Limit the amount of homework per day, but give it very regularly
In a forthcoming post, I'll be giving my opinion on what homework should be. So we won't go into it here.
It's essential to anticipate the correction phase before giving pupils exercises to do outside the classroom. It should not be too time-consuming. Limiting the amount of time spent on correction means that few exercises are given, even though I think it's essential to give them frequently: after every session or so. Furthermore, the level of difficulty of these exercises should remain reasonable. Challenging some students who don't have maths help at home will discourage them.
‘Gosh, I'd have liked to give the students some challenging problems, which aren't just practice exercises’.
Of course, there's nothing wrong with that. However, if you want almost the whole class to benefit, you need to set up a special system. Here are two ideas:
Start solving the problem during a class session, with the whole class, and make it clear to the pupils that they may not manage to solve it despite their best efforts, but that it's OK as long as they've thought about it and kept a record of their research in their notebook.
If you want to give a really tough maths problem, you can give the class several weeks to solve it. And once or twice, organise an interim assessment of their research in class. It's not easy to organise, and it will be difficult to know who, among the students, has played the game or not. But for those who have, you'll have put them in a mathematical research situation, and that's what we're aiming for!
‘Why not, but what about the bulk of the exercises to be done at home?
The exercises to be done from one day to the next will be exercises to apply part of the lesson written in class. And we don't give too many, so that we don't spend the whole hour correcting them.
‘So how do you organise the correction phase?
Here are a few tips that have been tried and tested by many colleagues to speed up the correction of exercises.

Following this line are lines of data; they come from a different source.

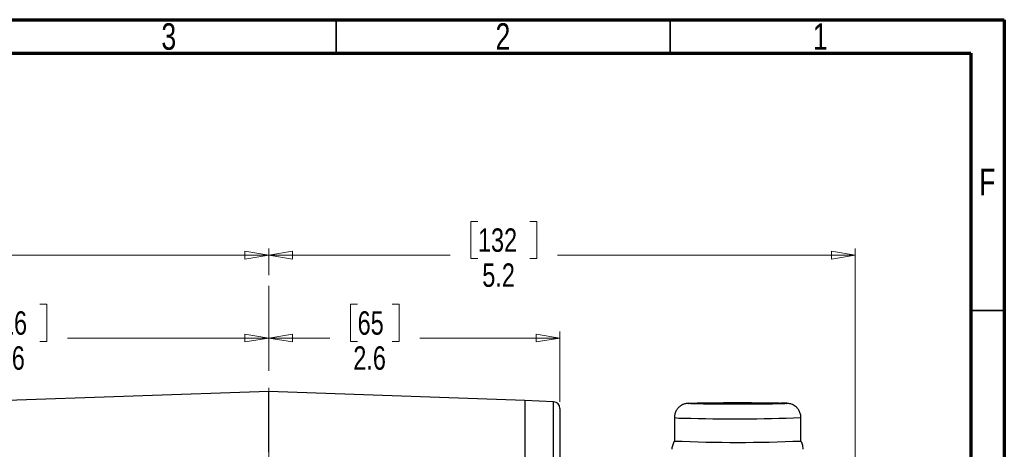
# Model space of a CAD drawing. Header units: inches. Extents: x 0.6 to 16.3, y 0.2 to 11.5.
# Tile 16 of 16: x 10.5 to 16.3, y 9 to 11.5. Entities that reach past the tile are written whole.
import ezdxf

# ---------------------------------------------------------------- set-up
doc = ezdxf.new("R2010")
doc.units = ezdxf.units.IN
doc.header["$MEASUREMENT"] = 0
doc.linetypes.add('CENTERX2', pattern=[0.8, 0.5, -0.1, 0.1, -0.1])
doc.styles.add('SLDTEXTSTYLE0', font='TXT', dxfattribs={"width": 0.75})
doc.dimstyles.new('SLDDIMSTYLE1', dxfattribs={"dimtxt": 0.137795, "dimasz": 0.14, "dimexe": 0, "dimexo": 0.0625, "dimgap": 0.034449, "dimtad": 0, "dimdec": 1, "dimlfac": 1.5, "dimrnd": 1e-09, "dimzin": 12, "dimdsep": 46, "dimtxsty": 'SLDTEXTSTYLE0', "dimblk1": 'CLOSED', "dimblk2": 'CLOSED', "dimsah": 1, "dimcen": 0.09, "dimadec": 0, "dimazin": 3, "dimtfac": 1, "dimtdec": 1, "dimtofl": 0, "dimtmove": 0, "dimatfit": 3, "dimldrblk": 'CLOSED', "dimfxl": 0, "dimfrac": 2, "dimtolj": 1, "dimtzin": 12, "dimarcsym": 0})
doc.dimstyles.new('SLDDIMSTYLE3', dxfattribs={"dimtxt": 0.137795, "dimasz": 0.14, "dimexe": 0, "dimexo": 0.0625, "dimgap": 0.034449, "dimtad": 0, "dimdec": 1, "dimlfac": 1.5, "dimrnd": 1e-09, "dimzin": 12, "dimdsep": 46, "dimtxsty": 'SLDTEXTSTYLE0', "dimblk1": 'CLOSED', "dimblk2": 'CLOSED', "dimsah": 1, "dimcen": 0.09, "dimadec": 0, "dimazin": 3, "dimtfac": 1, "dimtofl": 0, "dimtmove": 0, "dimatfit": 3, "dimldrblk": 'CLOSED', "dimfxl": 0, "dimfrac": 2, "dimtolj": 1, "dimtzin": 12, "dimarcsym": 0})

# ---------------------------------------------------------------- blocks, each defined once
blk = doc.blocks.new('_Closed')
at = {"color": 0, "linetype": 'ByBlock', "lineweight": -2}
for p, q in [((-1, 0.166667), (0, 0)), ((-1, 0.166667), (-1, -0.166667)), ((0, 0), (-1, -0.166667)), ((0, 0), (-1, 0))]:
    blk.add_line(p, q, dxfattribs=at)
blk = doc.blocks.new('_D_7')
at = {"color": 7, "linetype": 'Continuous', "lineweight": 0}
for p, q in [((8.7557, 10.3086), (8.7137, 10.3086)), ((8.7137, 10.3086), (8.7137, 10.0898)), ((9.0611, 10.3086), (9.1031, 10.3086)), ((9.1031, 10.3086), (9.1031, 10.0898)), ((7.6424, 9.2109), (7.6424, 10.1495)), ((7.6424, 10.1101), (8.5928, 10.1101)), ((12.0044, 10.1101), (9.224, 10.1101)), ((12.0044, 9.9929), (12.0044, 10.1495)), ((8.7137, 10.0898), (8.7557, 10.0898)), ((9.1031, 10.0898), (9.0611, 10.0898))]:
    blk.add_line(p, q, dxfattribs=at)
at = {"color": 7, "linetype": 'Continuous', "lineweight": 18, "xscale": 0.14, "yscale": 0.14, "rotation": 180.0000000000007}
blk.add_blockref('_Closed', (7.6424, 10.1101), dxfattribs=at)
at = {"color": 7, "linetype": 'Continuous', "lineweight": 18, "xscale": 0.14, "yscale": 0.14}
blk.add_blockref('_Closed', (12.0044, 10.1101), dxfattribs=at)
at = {"color": 7, "linetype": 'Continuous', "lineweight": 18, "char_height": 0.1378, "attachment_point": 1, "style": 'SLDTEXTSTYLE0'}
for s, insert in [('166', (8.7557, 10.2675)), ('6.5', (8.7811, 10.0613))]:
    blk.add_mtext(s, dxfattribs=dict(at, insert=insert))
blk = doc.blocks.new('_D_8')
at = {"color": 7, "linetype": 'Continuous', "lineweight": 0}
for p, q in [((10.35, 9.8206), (10.308, 9.8206)), ((10.308, 9.8206), (10.308, 9.6018)), ((10.6554, 9.8206), (10.6974, 9.8206)), ((10.6974, 9.8206), (10.6974, 9.6018)), ((8.959, 8.7137), (8.959, 9.6615)), ((8.959, 9.6221), (10.1871, 9.6221)), ((10.308, 9.6018), (10.35, 9.6018)), ((10.6974, 9.6018), (10.6554, 9.6018)), ((12.0044, 9.6221), (10.8183, 9.6221))]:
    blk.add_line(p, q, dxfattribs=at)
at = {"color": 7, "linetype": 'Continuous', "lineweight": 18, "xscale": 0.14, "yscale": 0.14, "rotation": 180.0000000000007}
blk.add_blockref('_Closed', (8.959, 9.6221), dxfattribs=at)
at = {"color": 7, "linetype": 'Continuous', "lineweight": 18, "xscale": 0.14, "yscale": 0.14}
blk.add_blockref('_Closed', (12.0044, 9.6221), dxfattribs=at)
at = {"color": 7, "linetype": 'Continuous', "lineweight": 18, "char_height": 0.1378, "attachment_point": 1, "style": 'SLDTEXTSTYLE0'}
for s, insert in [('116', (10.35, 9.7795)), ('4.6', (10.3754, 9.5733))]:
    blk.add_mtext(s, dxfattribs=dict(at, insert=insert))
blk = doc.blocks.new('_D_9')
at = {"color": 7, "linetype": 'Continuous', "lineweight": 0}
for p, q in [((12.5284, 9.8206), (12.4864, 9.8206)), ((12.4864, 9.8206), (12.4864, 9.6018)), ((12.732, 9.8206), (12.774, 9.8206)), ((12.774, 9.8206), (12.774, 9.6018)), ((13.7207, 9.2464), (13.7207, 9.6615)), ((12.0044, 9.6221), (12.3655, 9.6221)), ((12.4864, 9.6018), (12.5284, 9.6018)), ((12.774, 9.6018), (12.732, 9.6018)), ((13.7207, 9.6221), (12.8948, 9.6221))]:
    blk.add_line(p, q, dxfattribs=at)
at = {"color": 7, "linetype": 'Continuous', "lineweight": 18, "xscale": 0.14, "yscale": 0.14, "rotation": 180.0000000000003}
blk.add_blockref('_Closed', (12.0044, 9.6221), dxfattribs=at)
at = {"color": 7, "linetype": 'Continuous', "lineweight": 18, "xscale": 0.14, "yscale": 0.14}
blk.add_blockref('_Closed', (13.7207, 9.6221), dxfattribs=at)
at = {"color": 7, "linetype": 'Continuous', "lineweight": 18, "char_height": 0.1378, "attachment_point": 1, "style": 'SLDTEXTSTYLE0'}
for s, insert in [('65', (12.5284, 9.7795)), ('2.6', (12.5029, 9.5733))]:
    blk.add_mtext(s, dxfattribs=dict(at, insert=insert))
blk = doc.blocks.new('_D_10')
at = {"color": 7, "linetype": 'Continuous', "lineweight": 0}
for p, q in [((13.2373, 10.3086), (13.1954, 10.3086)), ((13.1954, 10.3086), (13.1954, 10.0898)), ((13.5428, 10.3086), (13.5848, 10.3086)), ((13.5848, 10.3086), (13.5848, 10.0898)), ((12.0044, 9.9929), (12.0044, 10.1495)), ((12.0044, 10.1101), (13.0745, 10.1101)), ((15.4596, 10.1101), (13.7056, 10.1101)), ((15.4596, 7.596), (15.4596, 10.1495)), ((13.1954, 10.0898), (13.2373, 10.0898)), ((13.5848, 10.0898), (13.5428, 10.0898))]:
    blk.add_line(p, q, dxfattribs=at)
at = {"color": 7, "linetype": 'Continuous', "lineweight": 18, "xscale": 0.14, "yscale": 0.14, "rotation": 180.0000000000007}
blk.add_blockref('_Closed', (12.0044, 10.1101), dxfattribs=at)
at = {"color": 7, "linetype": 'Continuous', "lineweight": 18, "xscale": 0.14, "yscale": 0.14}
blk.add_blockref('_Closed', (15.4596, 10.1101), dxfattribs=at)
at = {"color": 7, "linetype": 'Continuous', "lineweight": 18, "char_height": 0.1378, "attachment_point": 1, "style": 'SLDTEXTSTYLE0'}
for s, insert in [('132', (13.2373, 10.2675)), ('5.2', (13.2628, 10.0613))]:
    blk.add_mtext(s, dxfattribs=dict(at, insert=insert))

msp = doc.modelspace()

# ---------------------------------------------------------------- linework, layer by layer
at = {"color": 7, "linetype": 'Continuous', "lineweight": 70}
for p, q in [((0.5906, 11.4961), (16.3386, 11.4961)), ((16.3386, 11.4961), (16.3386, 0.1969)), ((0.7874, 11.2992), (16.1417, 11.2992)), ((16.1417, 11.2992), (16.1417, 0.3937))]:
    msp.add_line(p, q, dxfattribs=at)
at = {"color": 7, "linetype": 'Continuous', "lineweight": 35}
for p, q in [((12.4016, 11.2992), (12.4016, 11.4961)), ((14.3701, 11.2992), (14.3701, 11.4961)), ((16.1417, 9.7835), (16.3386, 9.7835))]:
    msp.add_line(p, q, dxfattribs=at)
at = {"color": 7, "linetype": 'CENTERX2', "lineweight": 18}
msp.add_line((12.0044, 3.8287), (12.0044, 9.9535), dxfattribs=at)
at = {"color": 7, "linetype": 'Continuous', "lineweight": 25}
for p, q in [((12.0044, 9.3077), (9.6433, 9.2252)), ((13.5141, 9.2549), (12.0044, 9.3077)), ((12.0044, 8.9503), (12.0044, 9.3077)), ((13.6824, 9.247), (13.514, 9.2543)), ((13.514, 9.2543), (13.514, 8.8796)), ((13.7207, 9.207), (13.7207, 8.8429)), ((14.3945, 9.1537), (14.3945, 9.0158)), ((15.1402, 9.0158), (15.1402, 9.1537))]:
    msp.add_line(p, q, dxfattribs=at)
at = {"color": 8, "linetype": 'Continuous', "lineweight": 25}
msp.add_line((13.6824, 8.8754), (13.6824, 9.247), dxfattribs=at)
at = {"color": 7, "linetype": 'Continuous', "lineweight": 25}
for centre, radius, start, end in [((13.6807, 9.207), 0.04, 360, 87.5), ((14.7673, 17.5967), 8.5889, 267.51247, 272.48784)]:
    msp.add_arc(centre, radius, start, end, dxfattribs=at)
at = {"color": 8, "linetype": 'Continuous', "lineweight": 25}
for centre, radius, start, end in [((14.4399, 9.4673), 0.3168, 261.77354, 271.40267), ((14.7446, 19.9417), 10.7952, 268.42371, 272.10005)]:
    msp.add_arc(centre, radius, start, end, dxfattribs=at)
at = {"color": 7, "linetype": 'Continuous', "lineweight": 25}
msp.add_open_spline([(13.514, 9.2549), (13.514, 9.253), (13.514, 9.249), (13.514, 9.2172), (13.514, 9.1668), (13.514, 9.0961), (13.514, 9.0079), (13.514, 8.9341), (13.514, 8.8972)], degree=3, dxfattribs=at)
for points, knots in [([(14.4797, 9.2379), (14.4774, 9.2377), (14.473, 9.2374), (14.4664, 9.2367), (14.4555, 9.2344), (14.4435, 9.2301), (14.4305, 9.2229), (14.417, 9.2117), (14.405, 9.1959), (14.3963, 9.1761), (14.3951, 9.1614), (14.3945, 9.1539)], [0, 0, 0, 0, 0.13036, 0.258874, 0.341167, 0.416865, 0.507084, 0.615061, 0.73409, 0.86481, 1, 1, 1, 1]), ([(14.487, 9.2381), (14.4885, 9.2382), (14.4939, 9.2387), (14.5179, 9.2395), (14.5522, 9.2403), (14.5877, 9.2408), (14.6128, 9.2411), (14.6341, 9.2413), (14.6503, 9.2414), (14.667, 9.2415), (14.6828, 9.2416), (14.6976, 9.2417), (14.7112, 9.2417), (14.725, 9.2418), (14.7389, 9.2418), (14.7483, 9.2418), (14.7546, 9.2418), (14.7669, 9.2418), (14.7887, 9.2418), (14.8123, 9.2418), (14.8284, 9.2417), (14.8382, 9.2417), (14.8452, 9.2416), (14.8533, 9.2416), (14.8613, 9.2415), (14.8703, 9.2415), (14.8913, 9.2414), (14.9224, 9.2411), (14.961, 9.2406), (14.9921, 9.2401), (15.0081, 9.2397), (15.0156, 9.2395)], [0, 0, 0, 0, 0.035224, 0.129886, 0.230505, 0.283149, 0.337289, 0.363536, 0.389785, 0.415974, 0.44226, 0.46263, 0.482999, 0.503365, 0.523728, 0.544089, 0.544869, 0.551029, 0.598113, 0.640118, 0.654878, 0.669637, 0.684397, 0.686724, 0.706498, 0.721012, 0.728656, 0.805533, 0.87292, 0.94018, 1, 1, 1, 1]), ([(15.0518, 9.2363), (15.0493, 9.236), (15.0431, 9.2354), (15.0171, 9.2345), (14.9824, 9.2338), (14.947, 9.2333), (14.9219, 9.233), (14.9006, 9.2328), (14.8844, 9.2327), (14.8677, 9.2325), (14.8519, 9.2325), (14.8371, 9.2324), (14.8235, 9.2323), (14.8097, 9.2323), (14.7958, 9.2323), (14.7864, 9.2323), (14.7801, 9.2323), (14.7678, 9.2322), (14.746, 9.2323), (14.7224, 9.2323), (14.7064, 9.2324), (14.6965, 9.2324), (14.6895, 9.2324), (14.6814, 9.2325), (14.6734, 9.2325), (14.6644, 9.2326), (14.6434, 9.2327), (14.6123, 9.233), (14.5737, 9.2335), (14.5426, 9.234), (14.5266, 9.2344), (14.5191, 9.2346)], [0, 0, 0, 0, 0.062075, 0.154103, 0.251921, 0.3031, 0.355733, 0.38125, 0.406768, 0.432228, 0.457783, 0.477585, 0.497388, 0.517187, 0.536983, 0.556778, 0.557536, 0.563524, 0.609298, 0.650134, 0.664483, 0.678832, 0.693181, 0.695443, 0.714667, 0.728777, 0.736208, 0.810945, 0.876456, 0.941845, 1, 1, 1, 1]), ([(15.1395, 9.1537), (15.1397, 9.1564), (15.1404, 9.1666), (15.1355, 9.1832), (15.1264, 9.2009), (15.1149, 9.2143), (15.1026, 9.2239), (15.0907, 9.2303), (15.0803, 9.234), (15.0725, 9.2358), (15.0664, 9.2368), (15.0606, 9.2375), (15.0519, 9.2382), (15.0401, 9.2388), (15.0268, 9.2392), (15.0213, 9.2394)], [0, 0, 0, 0, 0.0324873, 0.1227491, 0.2014733, 0.2717315, 0.3345471, 0.3898674, 0.4369455, 0.4776202, 0.5179777, 0.5800717, 0.6786759, 0.8657753, 1, 1, 1, 1]), ([(14.3947, 9.0158), (14.3912, 9.0087), (14.3841, 8.9939), (14.3797, 8.9767), (14.3804, 8.9676), (14.3804, 8.967)], [0, 0, 0, 0, 0.465745, 0.96344, 1, 1, 1, 1]), ([(15.1537, 8.9672), (15.1534, 8.9727), (15.1529, 8.9865), (15.1474, 9.0033), (15.1411, 9.0133), (15.1392, 9.0163)], [0, 0, 0, 0, 0.320635, 0.794779, 1, 1, 1, 1])]:
    msp.add_open_spline(points, degree=3, knots=knots, dxfattribs=at)
at = {"color": 8, "linetype": 'Continuous', "lineweight": 25}
for points, knots in [([(14.5191, 9.2346), (14.5146, 9.2347), (14.5061, 9.235), (14.4955, 9.2354), (14.4864, 9.2358), (14.4798, 9.2364), (14.4774, 9.2369), (14.4782, 9.2375), (14.484, 9.2379), (14.487, 9.2381)], [0, 0, 0, 0, 0.122866, 0.232576, 0.368495, 0.524145, 0.679796, 0.835446, 1, 1, 1, 1]), ([(15.0156, 9.2395), (15.0201, 9.2394), (15.0286, 9.2391), (15.0392, 9.2387), (15.0483, 9.2382), (15.0549, 9.2377), (15.0572, 9.2371), (15.0571, 9.2366), (15.0531, 9.2364), (15.0518, 9.2363)], [0, 0, 0, 0, 0.134735, 0.255043, 0.404092, 0.574778, 0.745464, 0.916151, 1, 1, 1, 1])]:
    msp.add_open_spline(points, degree=3, knots=knots, dxfattribs=at)

# ---------------------------------------------------------------- texts
at = {"color": 7, "linetype": 'Continuous', "lineweight": 0, "char_height": 0.1562, "attachment_point": 2, "style": 'SLDTEXTSTYLE0'}
for s, insert in [('3', (11.4157, 11.4753)), ('2', (13.3843, 11.4753)), ('1', (15.2543, 11.4753)), ('F', (16.2385, 10.619))]:
    msp.add_mtext(s, dxfattribs=dict(at, insert=insert))

# ---------------------------------------------------------------- dimensions: what is measured, and where the dimension line sits
at = {"color": 7, "linetype": 'Continuous', "lineweight": 18}
for base, p2, dimstyle, picture, middle in [((7.6424, 10.1101), (7.6424, 9.1715), 'SLDDIMSTYLE1', '_D_7', (8.9084, 10.1101)), ((15.4596, 10.1101), (15.4596, 7.5566), 'SLDDIMSTYLE3', '_D_10', (13.3901, 10.1101)), ((8.959, 9.6221), (8.959, 8.6743), 'SLDDIMSTYLE3', '_D_8', (10.5027, 9.6221))]:
    dim = msp.add_linear_dim(base=base, p1=(12.0044, 9.9535), p2=p2, angle=0, dimstyle=dimstyle, dxfattribs=at)
    dim.commit()
    dim.dimension.update_dxf_attribs({"geometry": picture, "text_midpoint": middle, "dimtype": 160})
dim = msp.add_linear_dim(base=(12.0044, 9.6221), p1=(13.7207, 9.207), p2=(12.0044, 9.9535), dimstyle='SLDDIMSTYLE3', dxfattribs=at)
dim.commit()
dim.dimension.update_dxf_attribs({"geometry": '_D_9', "text_midpoint": (12.6302, 9.6221), "dimtype": 160})

doc.saveas('drawing.dxf')

The first tip is well known to experienced teachers: if an exercise involves repeating a technique, send several students to the board at the same time. If you want to take the time to explain, take the time to add fractions on the board while explaining, and send several pupils to the board for the following ones. This means that you need to plan the organisation of the board, the number of markers, etc. But I know that's not easy. But I know that comes naturally to you ;)
‘But how do I know if the exercise has been very successful or not? And who do I send to the blackboard?
Go round the rows, it's necessary to check the homework (see another blog post: How do you make sure that homework is done properly?), and what's more, you'll be able to estimate the level of success of the class on this exercise. You'll then be able to decide how much time you're going to allocate to marking, and which students you want to send to the blackboard. If an exercise has been passed by all or most of the class - dream on - you don't even need to correct it, you can congratulate the class and move on to the next one. For the two who didn't manage it, you can correct it next to them when a pupil comes to the blackboard or during tutorial time. And if you find that half the class has made the same type of mistake, send a pupil who has made the mistake to the blackboard, and take the time to discuss it, even if it means giving another example after the correction.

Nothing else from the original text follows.